By Con George-Kotzabasis—October 03, 2014
A reply
to “of markets and minds” --by professor Peter Bossaerts
Melbourne
University Magazine
Economics is the application of scarce means for the
attainment of countless abundant ends. Since all ends cannot be fulfilled
because of the scarcity of resources, human choice selects those ends that are
more needful or pleasurable to man than those that are less so. The attainment of
those more needful ends is a result of human action. These ends, however, are
the fruits of the future and the inevitable uncertainty that is riveted upon
it. Therefore human action is always speculation based, however, not upon the
throw of the dice but upon ratiocination.
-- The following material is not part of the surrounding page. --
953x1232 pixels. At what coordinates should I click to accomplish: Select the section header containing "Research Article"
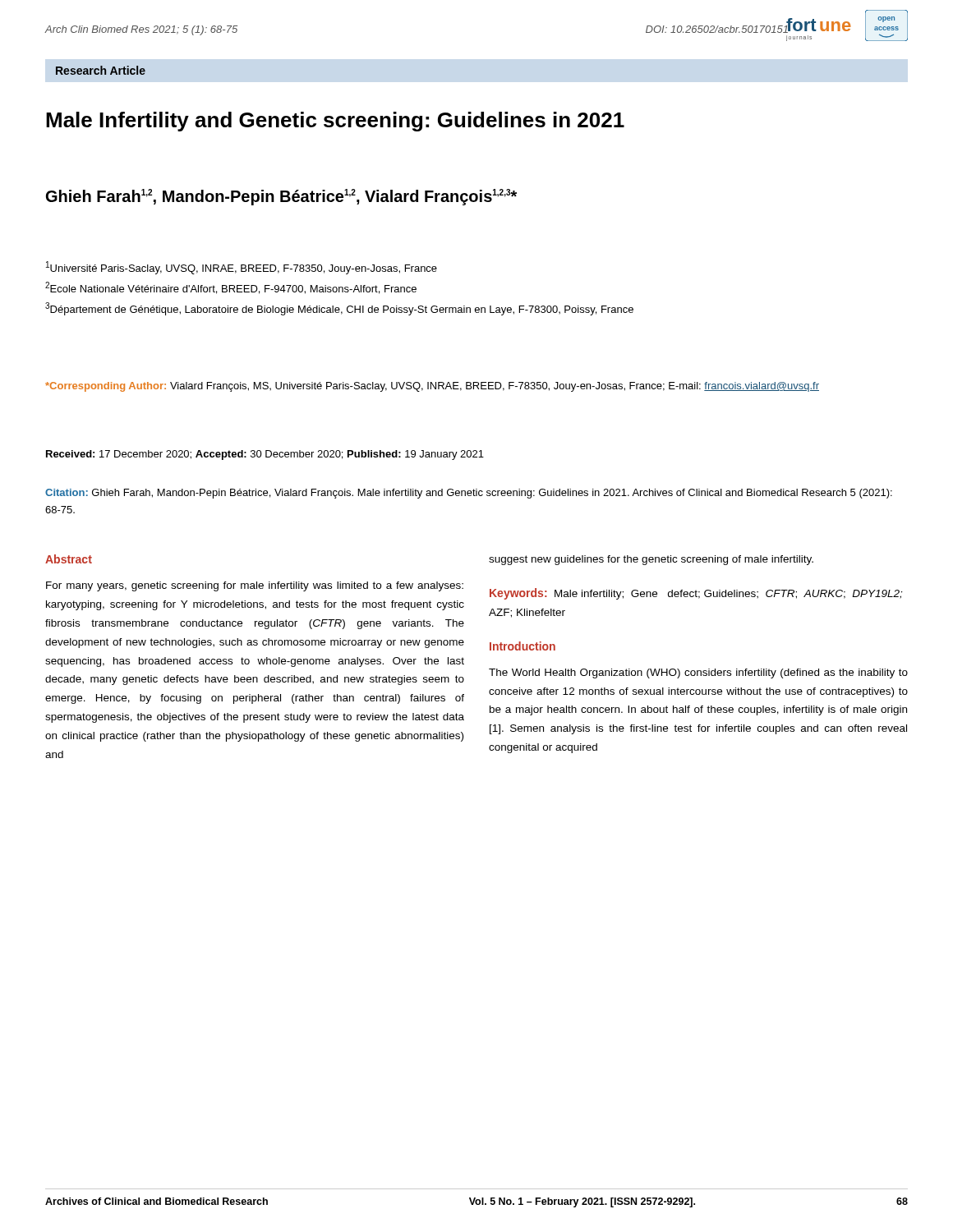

Furthermore, actions are determined
by the value judgments of individuals i.e., the ends they are eager to attain.
These valuations differ among individuals due to the different circumstances
and living conditions of these individuals and to the variable desires and
wishes that emanate from the plethora of their personalities. There is no constant relationship between these
valuations, as they emanate from the different wishes, desires and caprices of
an umpteenth of individuals, and are therefore beyond the bailiwick of science
to measure them; what scientific method could measure with precision the
capricious longings of man and the uncertainty that surrounds his existence?
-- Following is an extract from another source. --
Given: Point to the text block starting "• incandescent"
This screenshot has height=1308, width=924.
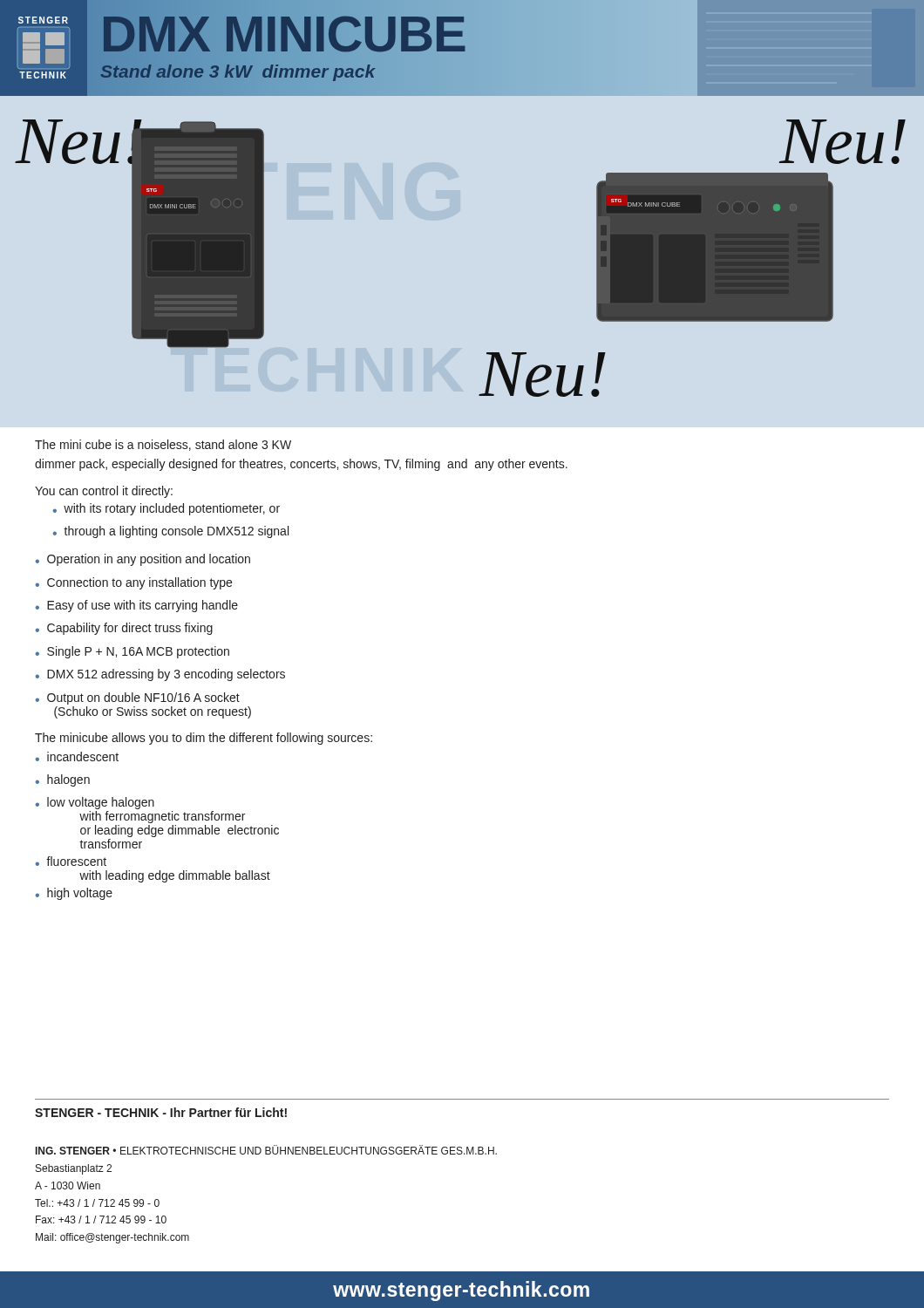Looking at the screenshot, I should coord(77,759).

Professor Bossaerts’ attempt therefore, to identify and
control the ‘cells’ of the economy and finance and the complex interactions
that determine their course by the scientific method of neuroscience for the
purpose of rationally directing the process of the economy to a more beneficial
path, is in vain and is bound to fail. Science measures constant relationships in
the controlled experimental environment of the lab but cannot measure
uncontrolled innumerable variants that determine, in our case, the process of a
free market economy. The search, therefore, of finding the inexorably elusive quintessence
of the economic process by the tools of the hard sciences, though a laudable
task, is purblind, as it cannot see nor understand that science is incapable of
measuring the measureless.
The endeavour to supplant and redress, on the one hand, the
imperfections of the free market economy, and on the other, the failures of
government dirigisme to regulate and
direct the economic process of the free market to a more optimal state, by the
powerful algorithmic tools of science, will be found to be another futile
attempt to direct the economy from a central command post, this time by the
methods of neuroscience and not by an omniscient cabal of socialist planners.
In an imperfect and uncertain world, the free market economy
will proceed and move by trial and error and continue to spread its benefits to
mankind. But the intervention of man’s reason and understanding will
substantially diminish the errors by increasing their correction in time by the
power of man’s imagination and ratiocination.